Hope these blog posts inspire you to try out some LLM-enhanced annotation workflows!

3 Likes

Update May 19: We've recently released v1.12 alpha, which includes LLM components like OpenAI recipes into Prodigy. Let us know if you have any feedback!

There is also a preview docs site:

We're excited to see what you can build with them :rocket:

I'm unable to reference gpt-4 in openai_textcat.py and openai_ner.py. The latest model I can call is legacy text-davinci-003. Can I reference gpt-4 or gpt-3.5? Or something we can call here: GitHub - explosion/spacy-llm: šŸ¦™ Integrating LLMs into structured NLP pipelines?

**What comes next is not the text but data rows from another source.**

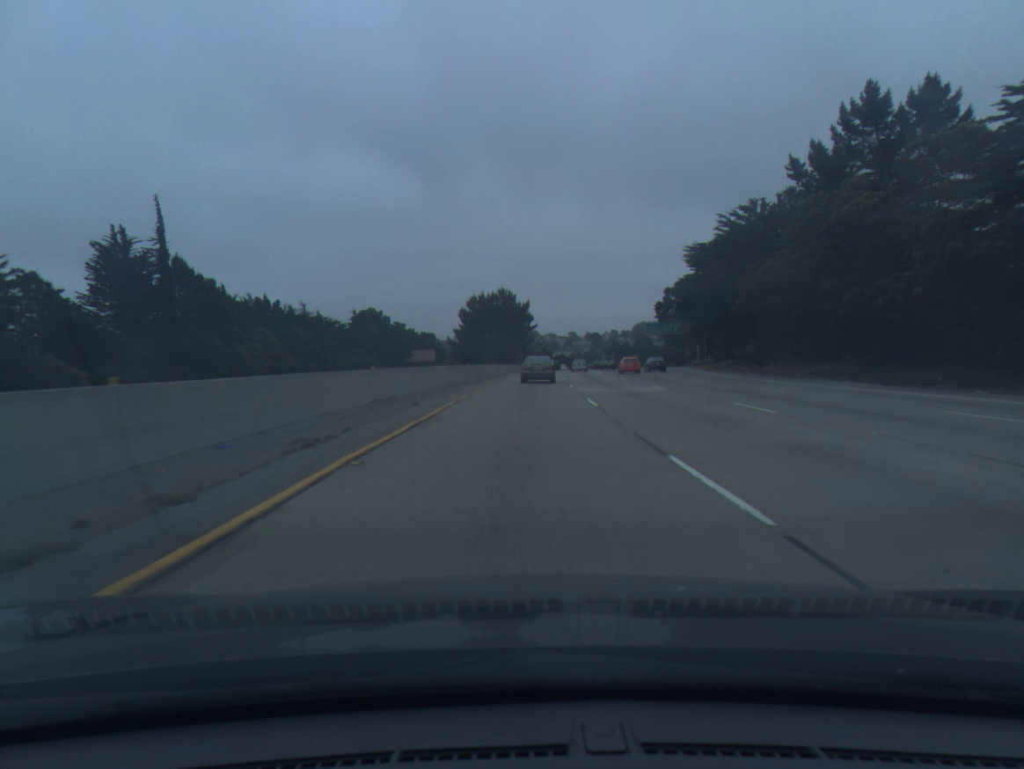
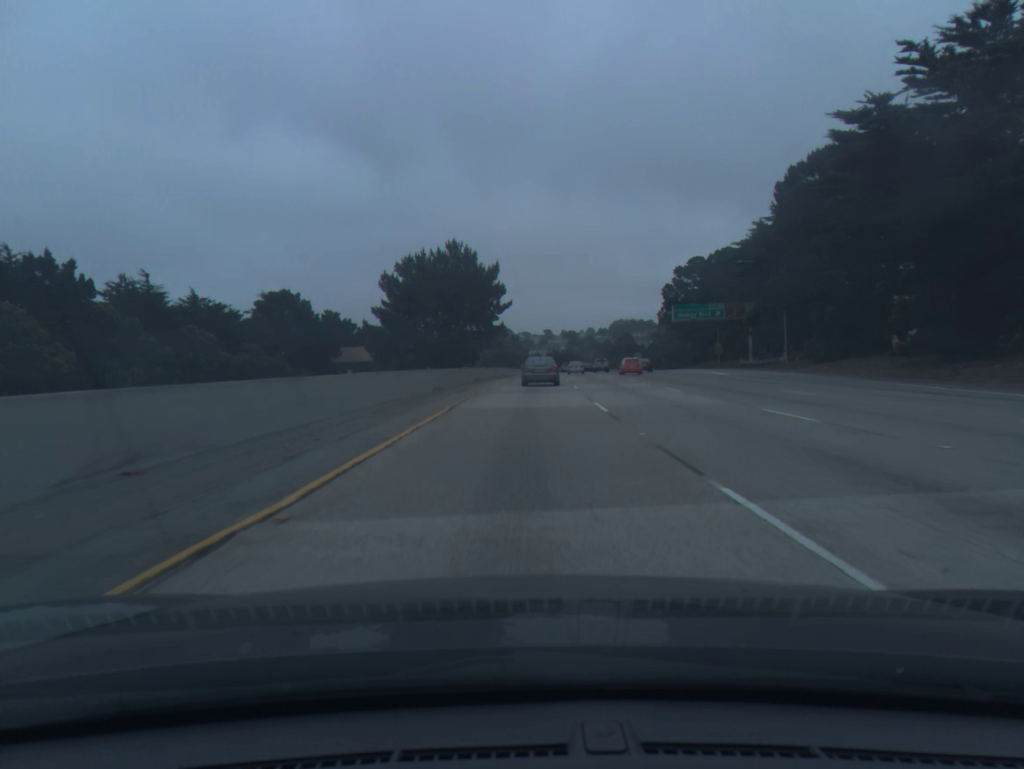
(+0.8, +46.8) m; +2°
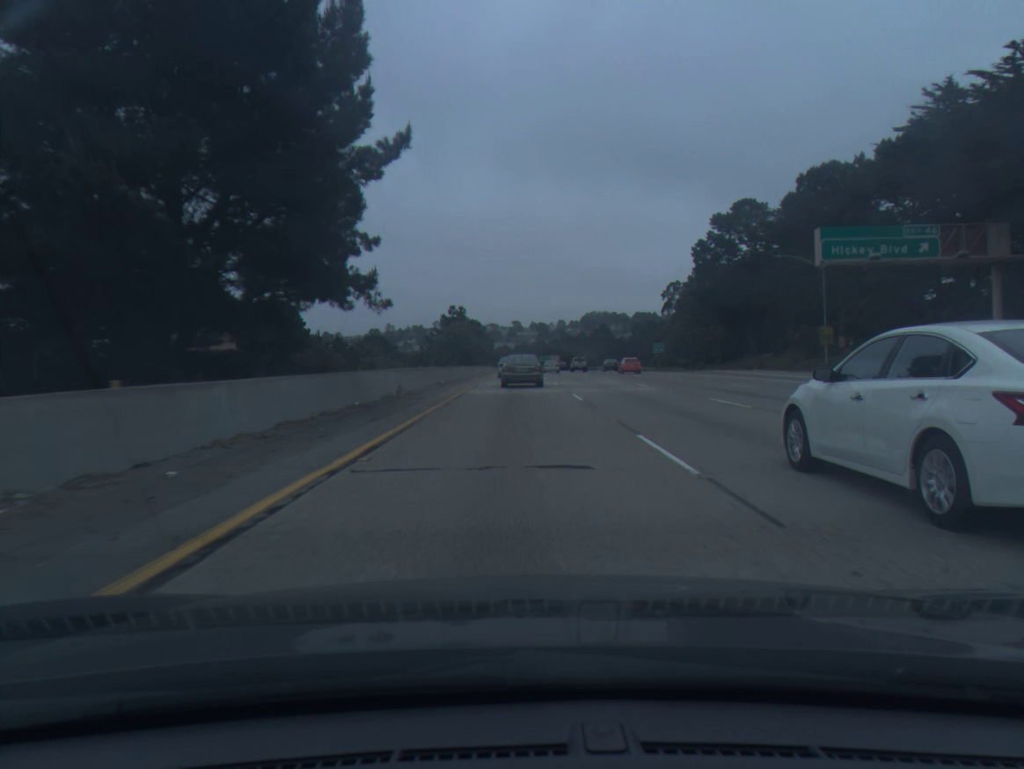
(+1.3, +54.7) m; +2°
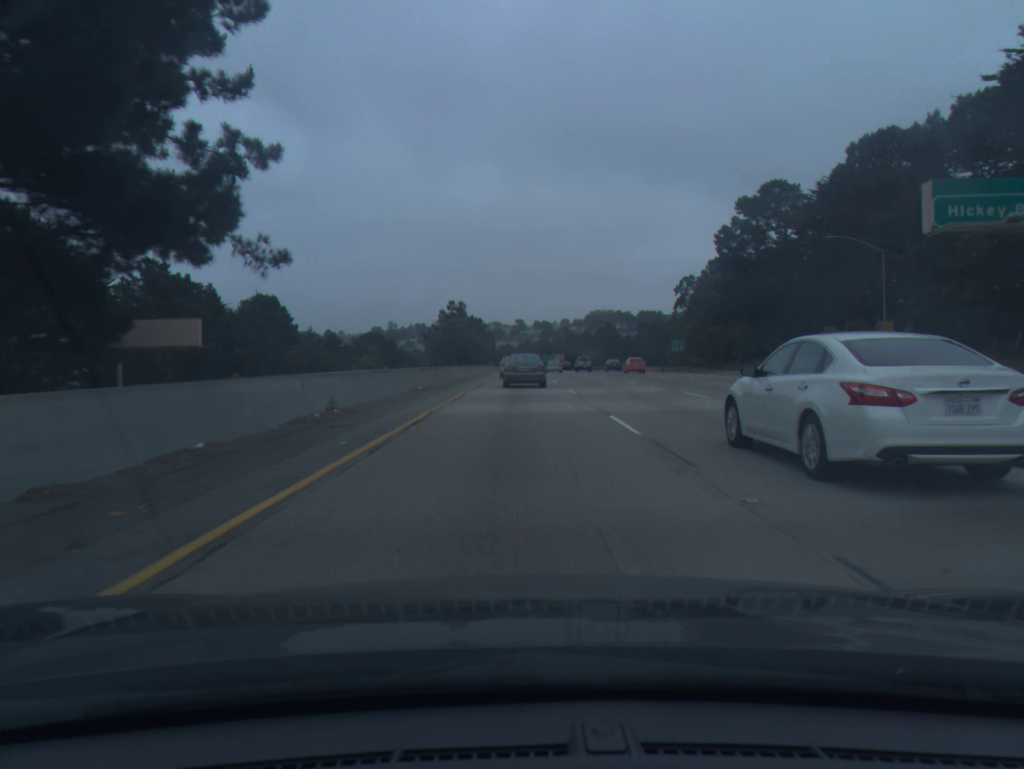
(0.0, +10.5) m; 0°
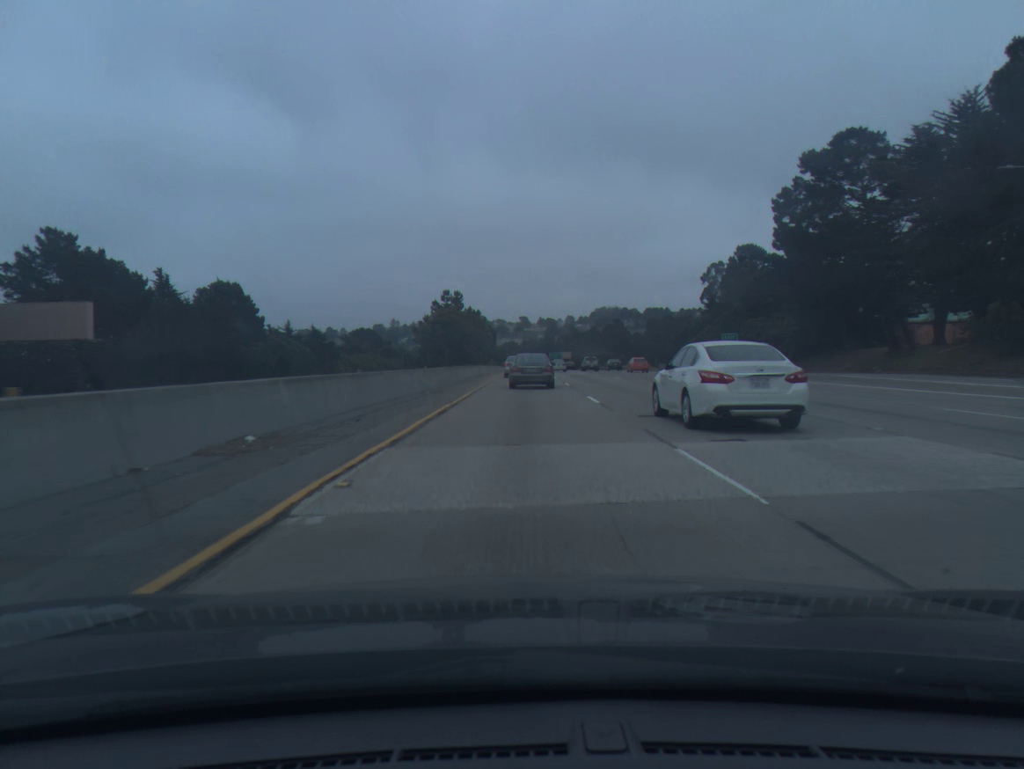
(-0.1, +20.6) m; 0°
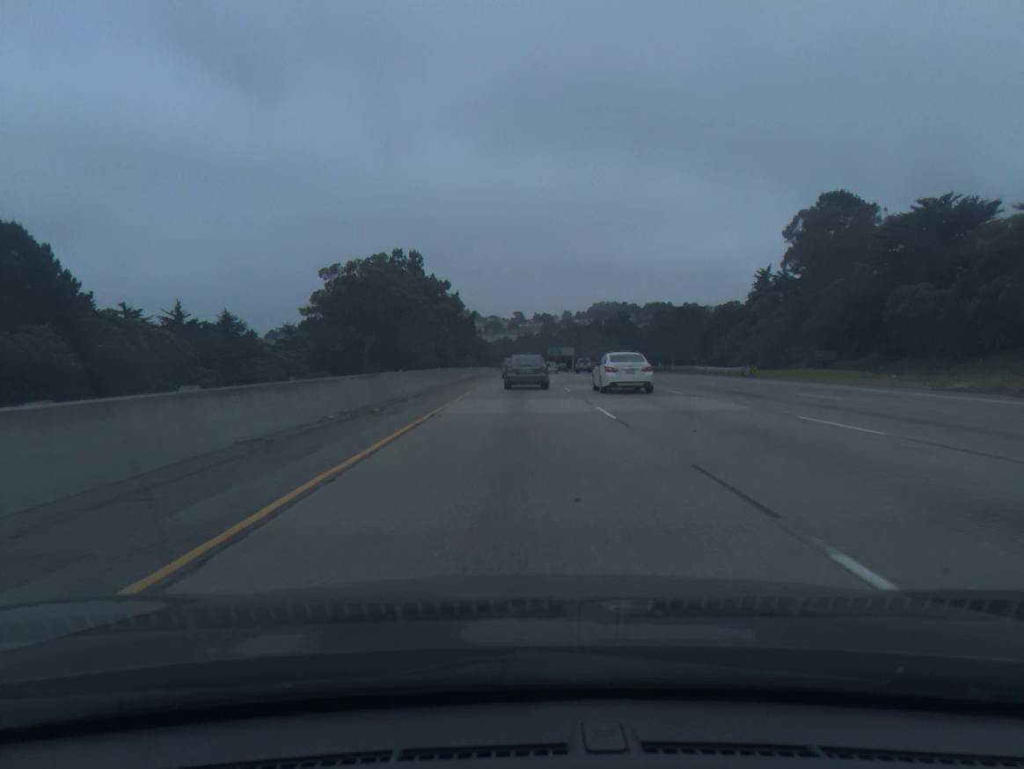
(+0.4, +49.3) m; 0°
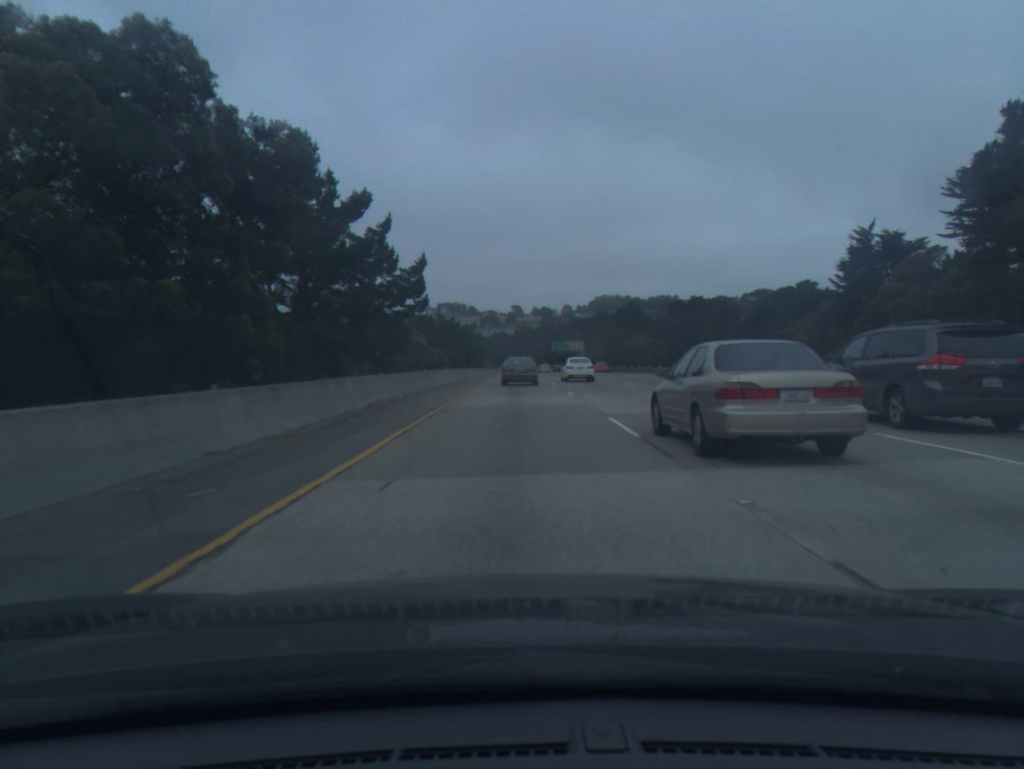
(0.0, +47.7) m; 0°

def textcat_openai_correct(
    dataset: str,
    filepath: Path,
    labels: List[str],
    lang: str = "en",
    model: str = "gpt-4",
    batch_size: int = 10,
    segment: bool = False,
    prompt_path: Path = DEFAULT_PROMPT_PATH,
    examples_path: Optional[Path] = None,
    max_examples: int = 2,
    exclusive_classes: bool = False,
    verbose: bool = False,
):

I'm also looking for a way to combine llm NER predictions with spaCy ner.correct default entities in the same recipe -- basically one task that takes an utterance and predicts the list of default spaCy entities with additional custom labelsI have defined that are predicted by gpt-3.5 or gpt-4. The annotator would then review and correct.

@cheyanneb have you seen this blogpost?

It uses the spacy-llm project in Prodigy to help generate these kinds of review interfaces.

At the moment, and also for the long term, I would recommend using spacy-llm. The next version of Prodigy (v1.13, which shouldn't take too long) will support spacy-llm directly as an alternative for these OpenAI recipes. The spacy-llm project has a bunch of benefits, like support for more backends as well as a proper caching mechanism. But it's also a project that's easier to update when, as shown recently, OpenAI decides to deprecate some of their main endpoints.

Let me know if the blogpost does not help in the meantime!